Indianapolis Archbishop Charles C. Thompson is a Kentucky native who was ordained a priest for the Louisville archdiocese in 1987. He served in parishes and in a variety of other assignments, including vicar general in the Archdiocese of Louisville, until he became Bishop of Evansville in 2011 and Archbishop of Indianapolis in 2017.
Over the Independence Day weekend, Archbishop Thompson renewed the “Call to Civility” he first published in November 2020 in the wake of extremely divisive national elections. The archbishop argues that no society can survive, let alone thrive, when fundamental civic virtues are absent from conversations among people with different opinions. He says:
“The ability of any community to survive, even thrive, amid adversity is the measure of civility. This is especially true during times of chaos, division and transitioning of authority. Unfortunately today, the misuse of social media includes the proliferation of shaming, abusing and scapegoating.”
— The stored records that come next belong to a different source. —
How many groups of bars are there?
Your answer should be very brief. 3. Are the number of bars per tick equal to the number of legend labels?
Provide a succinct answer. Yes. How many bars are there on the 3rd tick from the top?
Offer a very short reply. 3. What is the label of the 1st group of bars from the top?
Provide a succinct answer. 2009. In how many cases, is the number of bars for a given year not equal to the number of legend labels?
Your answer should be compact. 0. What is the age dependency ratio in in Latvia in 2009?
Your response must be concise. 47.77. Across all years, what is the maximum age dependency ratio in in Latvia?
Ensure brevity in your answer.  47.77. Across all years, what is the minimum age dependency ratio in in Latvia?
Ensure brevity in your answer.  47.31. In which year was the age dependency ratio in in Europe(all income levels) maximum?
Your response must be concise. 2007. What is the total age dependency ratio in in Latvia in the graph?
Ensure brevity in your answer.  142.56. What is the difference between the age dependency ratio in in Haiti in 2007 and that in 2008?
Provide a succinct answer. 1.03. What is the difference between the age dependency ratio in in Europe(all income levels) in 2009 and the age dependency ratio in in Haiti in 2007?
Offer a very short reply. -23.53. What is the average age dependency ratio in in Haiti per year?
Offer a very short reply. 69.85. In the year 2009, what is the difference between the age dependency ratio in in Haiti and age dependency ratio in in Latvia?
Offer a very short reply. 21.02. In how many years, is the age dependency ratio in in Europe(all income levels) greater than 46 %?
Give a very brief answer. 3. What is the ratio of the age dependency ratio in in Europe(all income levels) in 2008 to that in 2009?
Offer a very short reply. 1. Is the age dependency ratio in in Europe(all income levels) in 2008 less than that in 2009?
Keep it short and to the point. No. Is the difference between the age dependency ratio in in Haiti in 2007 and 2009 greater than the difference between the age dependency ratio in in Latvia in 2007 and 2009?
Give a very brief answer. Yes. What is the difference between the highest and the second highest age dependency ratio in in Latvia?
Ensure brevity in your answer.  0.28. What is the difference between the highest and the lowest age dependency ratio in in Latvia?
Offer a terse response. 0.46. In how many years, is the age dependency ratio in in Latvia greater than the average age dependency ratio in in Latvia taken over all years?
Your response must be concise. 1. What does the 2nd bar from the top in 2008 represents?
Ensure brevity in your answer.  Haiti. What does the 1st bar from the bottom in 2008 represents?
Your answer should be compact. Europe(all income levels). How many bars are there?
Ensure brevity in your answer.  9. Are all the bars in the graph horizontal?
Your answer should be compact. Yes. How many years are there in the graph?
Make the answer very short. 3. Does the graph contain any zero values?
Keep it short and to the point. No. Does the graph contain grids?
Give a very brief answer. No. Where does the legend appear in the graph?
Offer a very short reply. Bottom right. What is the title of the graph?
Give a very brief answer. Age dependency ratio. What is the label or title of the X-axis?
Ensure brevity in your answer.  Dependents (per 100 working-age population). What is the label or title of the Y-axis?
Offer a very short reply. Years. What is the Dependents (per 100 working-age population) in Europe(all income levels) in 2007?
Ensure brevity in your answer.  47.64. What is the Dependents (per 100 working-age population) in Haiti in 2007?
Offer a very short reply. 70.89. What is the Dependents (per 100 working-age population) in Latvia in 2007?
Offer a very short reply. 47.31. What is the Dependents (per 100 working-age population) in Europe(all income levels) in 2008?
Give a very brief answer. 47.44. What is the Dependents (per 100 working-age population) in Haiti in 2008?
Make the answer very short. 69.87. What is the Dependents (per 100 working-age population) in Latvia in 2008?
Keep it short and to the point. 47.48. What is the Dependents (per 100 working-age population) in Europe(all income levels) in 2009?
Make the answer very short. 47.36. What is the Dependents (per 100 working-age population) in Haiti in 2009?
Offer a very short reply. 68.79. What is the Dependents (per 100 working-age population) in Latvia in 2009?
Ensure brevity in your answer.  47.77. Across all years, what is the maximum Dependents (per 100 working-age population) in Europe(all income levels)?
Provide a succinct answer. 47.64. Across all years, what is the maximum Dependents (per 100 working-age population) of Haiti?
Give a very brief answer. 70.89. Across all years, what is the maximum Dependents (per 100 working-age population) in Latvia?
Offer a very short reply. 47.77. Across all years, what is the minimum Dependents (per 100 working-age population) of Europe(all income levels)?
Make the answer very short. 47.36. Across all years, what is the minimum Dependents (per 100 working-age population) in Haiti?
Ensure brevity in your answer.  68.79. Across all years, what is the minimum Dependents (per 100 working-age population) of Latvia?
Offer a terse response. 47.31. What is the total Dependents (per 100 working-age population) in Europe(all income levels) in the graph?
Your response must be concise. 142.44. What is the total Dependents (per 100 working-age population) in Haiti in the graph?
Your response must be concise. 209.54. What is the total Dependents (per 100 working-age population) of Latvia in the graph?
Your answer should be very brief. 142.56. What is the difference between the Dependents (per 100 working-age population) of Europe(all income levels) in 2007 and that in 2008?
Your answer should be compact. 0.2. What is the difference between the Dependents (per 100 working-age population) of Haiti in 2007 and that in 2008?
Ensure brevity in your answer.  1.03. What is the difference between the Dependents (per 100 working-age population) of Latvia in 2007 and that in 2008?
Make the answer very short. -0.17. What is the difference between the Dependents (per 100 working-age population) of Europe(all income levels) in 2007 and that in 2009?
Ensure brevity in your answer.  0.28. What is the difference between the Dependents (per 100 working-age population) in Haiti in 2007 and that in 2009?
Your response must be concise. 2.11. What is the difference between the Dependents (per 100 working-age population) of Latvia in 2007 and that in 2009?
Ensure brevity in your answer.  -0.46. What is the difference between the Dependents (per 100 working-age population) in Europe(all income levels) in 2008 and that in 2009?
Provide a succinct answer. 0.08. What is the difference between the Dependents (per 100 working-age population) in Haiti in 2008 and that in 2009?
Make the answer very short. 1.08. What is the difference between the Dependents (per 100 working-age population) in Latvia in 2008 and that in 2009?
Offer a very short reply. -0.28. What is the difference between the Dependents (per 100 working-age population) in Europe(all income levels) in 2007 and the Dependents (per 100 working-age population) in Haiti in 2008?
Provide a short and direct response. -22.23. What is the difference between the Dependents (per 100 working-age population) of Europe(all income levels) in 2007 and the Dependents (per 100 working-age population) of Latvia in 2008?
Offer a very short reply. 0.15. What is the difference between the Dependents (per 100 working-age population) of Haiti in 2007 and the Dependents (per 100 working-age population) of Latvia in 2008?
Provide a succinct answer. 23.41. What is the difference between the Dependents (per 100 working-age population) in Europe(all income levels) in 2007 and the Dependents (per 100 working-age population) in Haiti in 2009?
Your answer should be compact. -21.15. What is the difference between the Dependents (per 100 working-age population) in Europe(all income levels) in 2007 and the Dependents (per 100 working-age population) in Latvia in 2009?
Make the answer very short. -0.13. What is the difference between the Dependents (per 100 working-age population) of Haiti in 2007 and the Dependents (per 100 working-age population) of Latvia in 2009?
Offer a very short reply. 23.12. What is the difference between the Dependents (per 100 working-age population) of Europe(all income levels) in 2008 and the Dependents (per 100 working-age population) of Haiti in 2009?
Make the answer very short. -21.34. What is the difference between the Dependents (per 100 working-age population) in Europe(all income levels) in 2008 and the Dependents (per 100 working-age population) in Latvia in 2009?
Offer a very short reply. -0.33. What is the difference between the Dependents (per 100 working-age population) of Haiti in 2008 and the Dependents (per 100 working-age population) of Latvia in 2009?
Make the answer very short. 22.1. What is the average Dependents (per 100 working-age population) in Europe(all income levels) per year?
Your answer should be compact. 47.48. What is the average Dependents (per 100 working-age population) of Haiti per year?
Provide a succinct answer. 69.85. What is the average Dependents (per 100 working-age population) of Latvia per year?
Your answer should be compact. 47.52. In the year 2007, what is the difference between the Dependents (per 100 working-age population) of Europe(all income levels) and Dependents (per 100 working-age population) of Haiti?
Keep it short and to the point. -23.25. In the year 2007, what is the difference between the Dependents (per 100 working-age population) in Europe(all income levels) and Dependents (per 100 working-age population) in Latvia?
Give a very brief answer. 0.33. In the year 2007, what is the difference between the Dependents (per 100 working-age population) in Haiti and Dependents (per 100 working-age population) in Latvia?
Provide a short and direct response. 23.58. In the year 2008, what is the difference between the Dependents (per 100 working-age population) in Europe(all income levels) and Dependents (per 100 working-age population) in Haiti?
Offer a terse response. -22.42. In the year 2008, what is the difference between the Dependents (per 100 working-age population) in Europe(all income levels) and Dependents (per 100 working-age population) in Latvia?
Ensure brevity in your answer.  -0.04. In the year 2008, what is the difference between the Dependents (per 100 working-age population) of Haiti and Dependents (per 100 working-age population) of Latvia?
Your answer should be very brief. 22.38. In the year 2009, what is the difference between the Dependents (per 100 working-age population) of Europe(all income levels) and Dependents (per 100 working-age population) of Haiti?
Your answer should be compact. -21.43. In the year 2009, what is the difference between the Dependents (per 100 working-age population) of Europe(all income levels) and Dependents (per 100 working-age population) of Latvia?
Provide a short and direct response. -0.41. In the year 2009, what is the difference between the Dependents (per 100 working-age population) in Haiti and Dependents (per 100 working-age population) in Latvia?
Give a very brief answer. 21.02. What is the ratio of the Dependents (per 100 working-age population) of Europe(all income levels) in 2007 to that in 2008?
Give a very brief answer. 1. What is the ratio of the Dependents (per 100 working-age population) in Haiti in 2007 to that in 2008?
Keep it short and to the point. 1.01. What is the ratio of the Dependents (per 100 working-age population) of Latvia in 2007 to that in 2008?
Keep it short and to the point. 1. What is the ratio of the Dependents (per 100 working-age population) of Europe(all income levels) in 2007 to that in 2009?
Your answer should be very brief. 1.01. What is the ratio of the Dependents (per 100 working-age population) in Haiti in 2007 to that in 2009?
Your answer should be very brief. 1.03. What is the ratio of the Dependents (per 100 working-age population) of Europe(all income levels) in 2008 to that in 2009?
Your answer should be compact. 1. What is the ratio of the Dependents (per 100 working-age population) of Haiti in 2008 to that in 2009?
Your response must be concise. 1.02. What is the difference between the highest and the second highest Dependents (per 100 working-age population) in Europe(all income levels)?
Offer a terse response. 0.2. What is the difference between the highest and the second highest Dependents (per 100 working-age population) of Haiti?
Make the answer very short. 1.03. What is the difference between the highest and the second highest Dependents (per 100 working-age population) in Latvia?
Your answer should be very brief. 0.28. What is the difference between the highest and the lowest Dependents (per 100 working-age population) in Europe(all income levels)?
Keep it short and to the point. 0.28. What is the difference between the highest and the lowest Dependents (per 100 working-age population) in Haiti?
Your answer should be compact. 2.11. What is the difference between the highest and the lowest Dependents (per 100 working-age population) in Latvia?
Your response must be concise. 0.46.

This lack of civility has become commonplace among families, in communities and throughout the news and entertainment media, especially on the internet. When we disagree with someone, we’re quick to demonize them, to attribute to them evil motives.
Instead of giving those with opposing views the presumption of good intentions, we too readily dismiss them out of hand.
The result is a widespread lack of trust among people from diverse political, racial, social and economic segments of society. This was a serious problem before the pandemic, but it has increased during the past 16 months.
Instead of bringing us closer together, the crises spawned by the pandemic seem to have caused further polarization and racial and economic inequity among families, communities, religious organizations and national and international groups.
“Within any dialogue, there must be an ability to listen and learn from one another,” Archbishop Thompson says. But he argues that “three things, in particular, must be avoided if we are to preserve authentic dialogue: name-calling, making threats and raising voices in hostility. Any one of these can readily erode the trust and openness needed to maintain mutual relationships.”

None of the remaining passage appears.